The antifungal potential of green-synthesized CeO2 NPs needs to be further addressed against various pathogenic fungi to analyze its potential in the biomedical field, especially against the multidrug-resistant fungal species. Currently, the mechanism by which CeO2 NPs elicit antifungal activity is not well understood. However, some of the reports point to the formation of excess ROS, electromagnetic interactions (Xia et al. 2008), and cell membrane protein denaturation (Howlett and Avery 1997) as the route cause of the antimicrobial activity of CeO2 NPs (Estes et al. 2021). Therefore, more rigorous studies on antifungal activities of bio-mediated CeO2 NPs are essential to explore the canopy of fungal species sensitive to the CeO2 NPs.

As mentioned earlier, bacteria and fungi are the most diverse organisms on this earth. Some of the species of these groups can have beneficial and adverse impacts on life. However, these organisms adapt quickly to the changing environment and, thus, develop resistance to antibiotics/antifungal medicines in a short time. Thus, developing novel efficient therapies to treat these pathogenic organisms is essential. Green-synthesized nanoparticles of many metals have been shown to possess antibacterial and antifungal potential against a wide variety of species. Compared to these metals, cerium has a unique advantage of biocompatible nature with small size and specific morphological features, which imparts it more efficient in killing a vast range of pathogenic microorganisms (Nadeem et al. 2020a).

Antioxidant activity

The process of limiting or inhibiting the oxidation of biomolecules, especially lipids and proteins, and restraining oxidative chain reactions is known as antioxidant activity. Endogenous antioxidant activity checks the production of reactive oxygen and/or nitrogen species (ROS/RNS), which are highly unstable and responsible for the oxidation of lipids, proteins, DNA, etc. Thus, to avoid physiological problems, the body must tackle and maintain the balance between producing and utilizating ROS/RNS through endogenous antioxidant enzymes. Nevertheless, on the other hand, higher production of reactive oxygen species results in oxidative stress in an organism that forms the base for several pathological conditions like cellular death, cancer, diabetes, etc. (Perona et al. 2021).

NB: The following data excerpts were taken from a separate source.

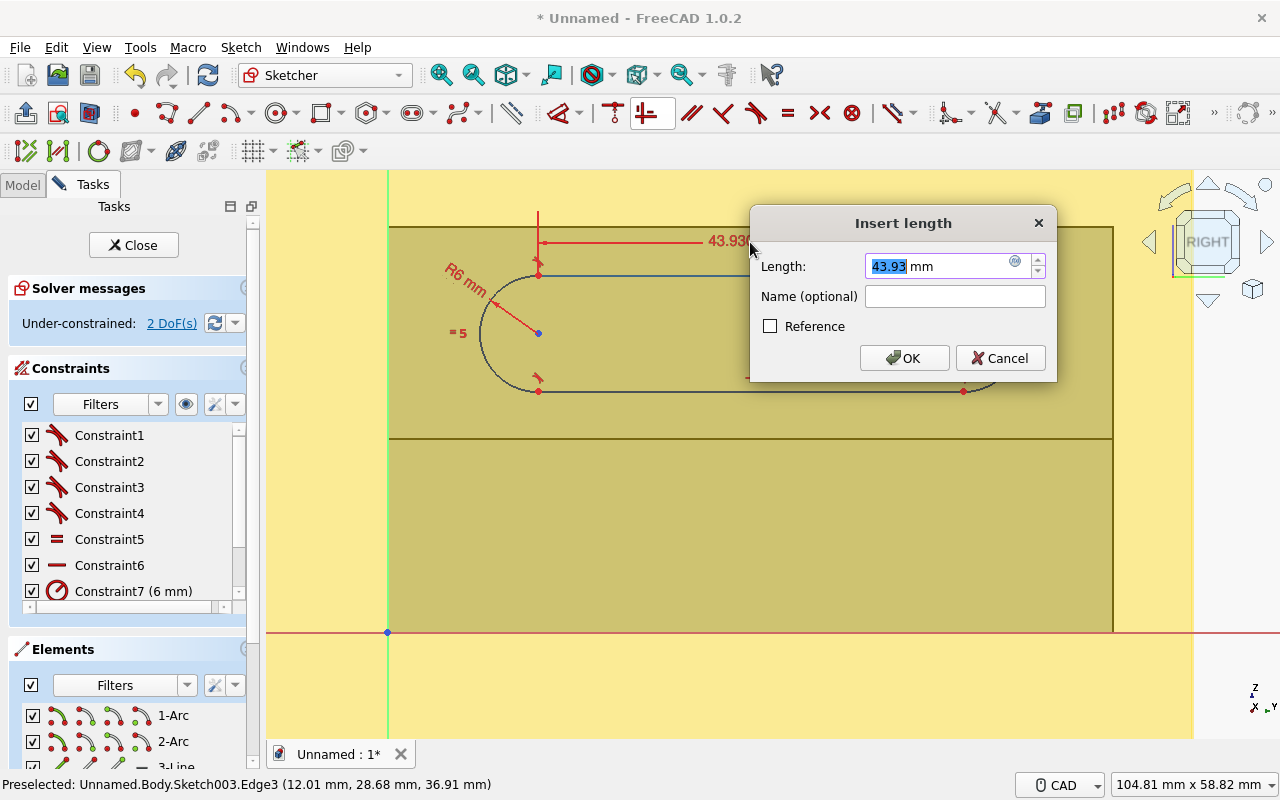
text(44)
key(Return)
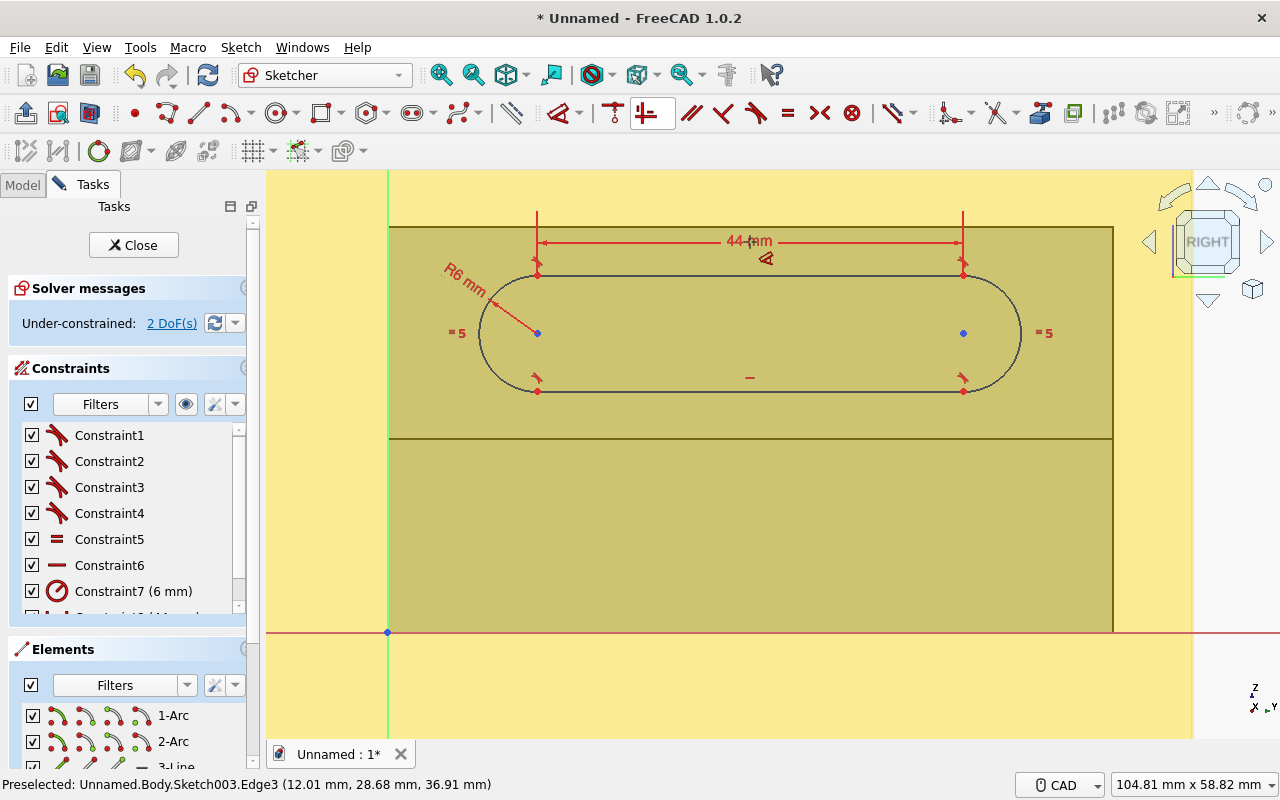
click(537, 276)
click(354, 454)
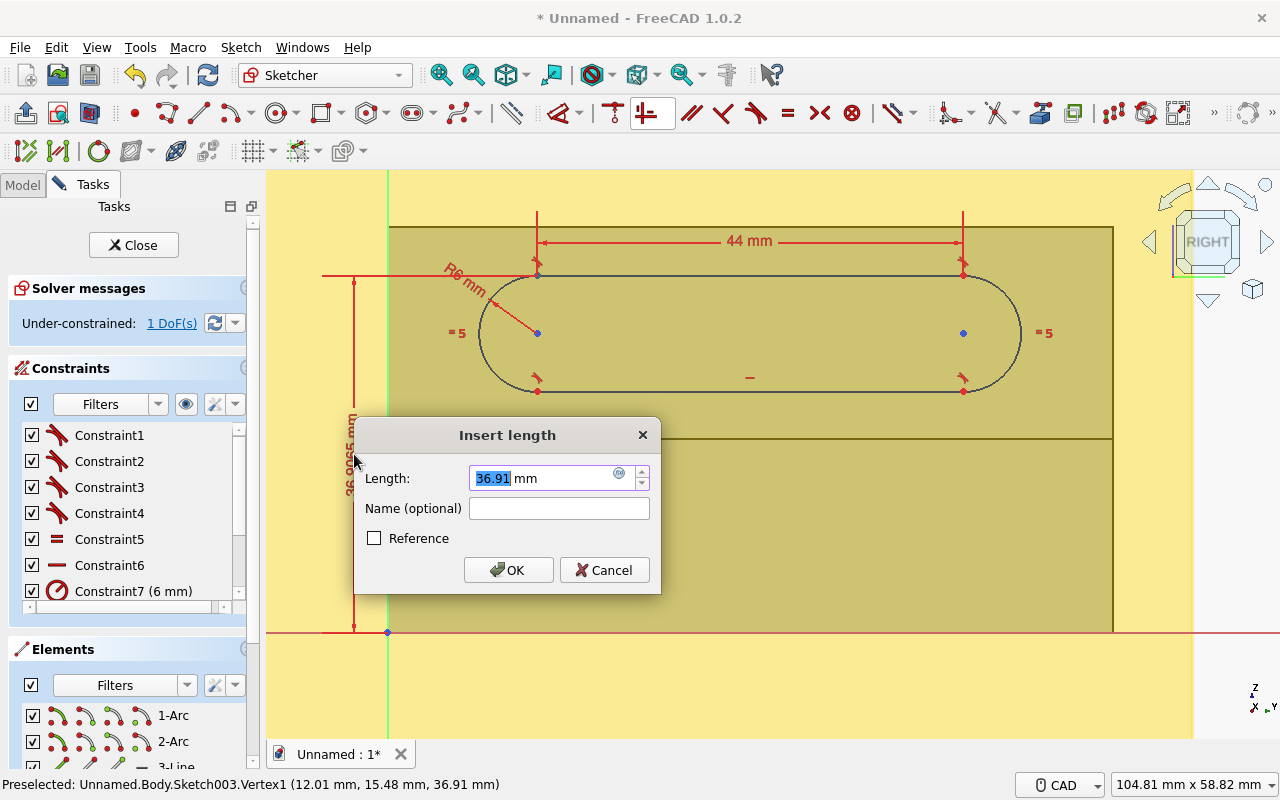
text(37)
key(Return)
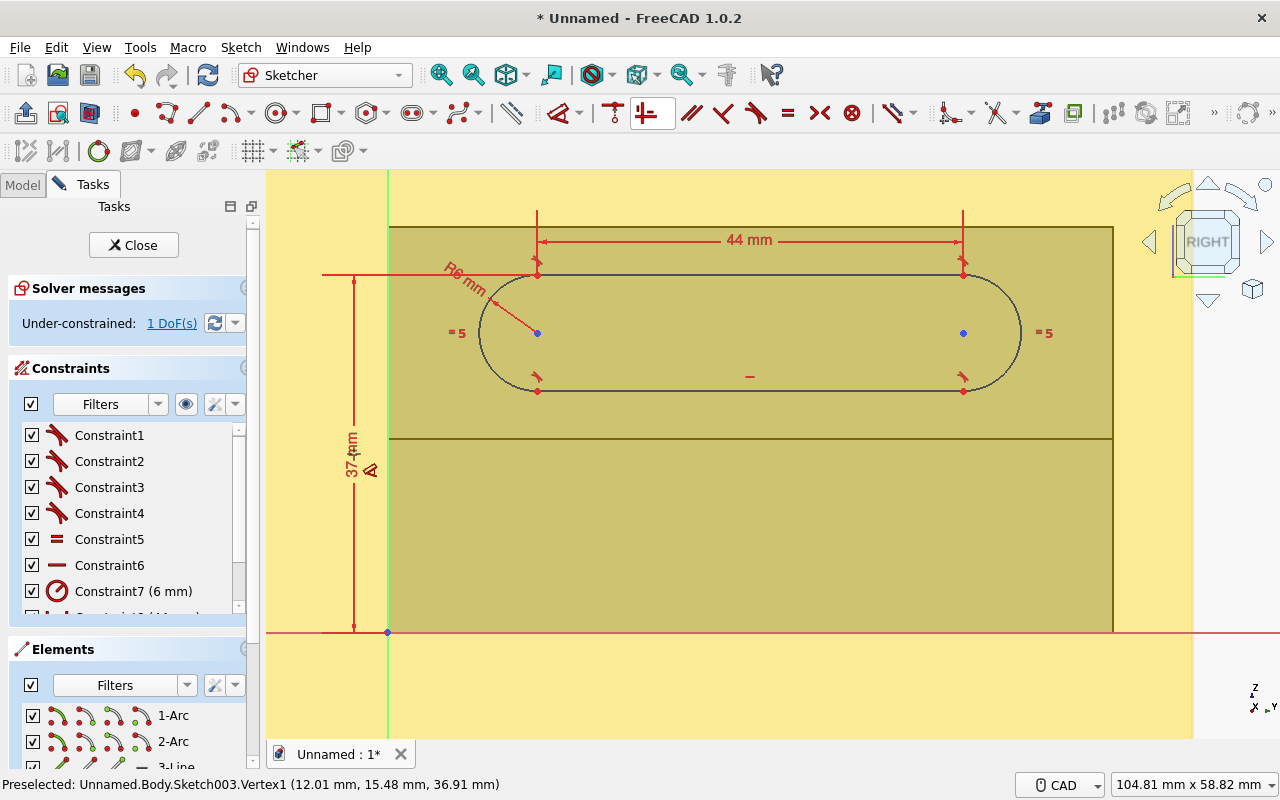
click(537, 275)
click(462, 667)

Antioxidants minimize oxidative stress by reacting with free radicals and inhibiting the downstream chain of reactions and producing harmful byproducts. However, natural and synthetic antioxidants exhibit poor absorption with limited cell permeability and biodegradation till it reaches the activity site. In this scenario, the antioxidants coupled with metals in metal oxide nanoparticles serve as an alternative to natural and synthetic antioxidant supplements (Khalil et al. 2019). To date, nanoparticles of various metals like silver (Ansar et al. 2020), zinc (Daoud et al. 2021 123AD), etc., are known to possess antioxidant potential. In the crystalline structure, cerium oxide exhibits a deficiency of oxygen atoms and is available in Ce3+ and Ce4+ oxidation states. Due to its unique structural property, it mimics endogenous antioxidant enzymes like phosphatase, oxidase, catalase, superoxide dismutase, and peroxidase in their activity and, thus, shows high antioxidant potential (Turin-Moleavin et al.).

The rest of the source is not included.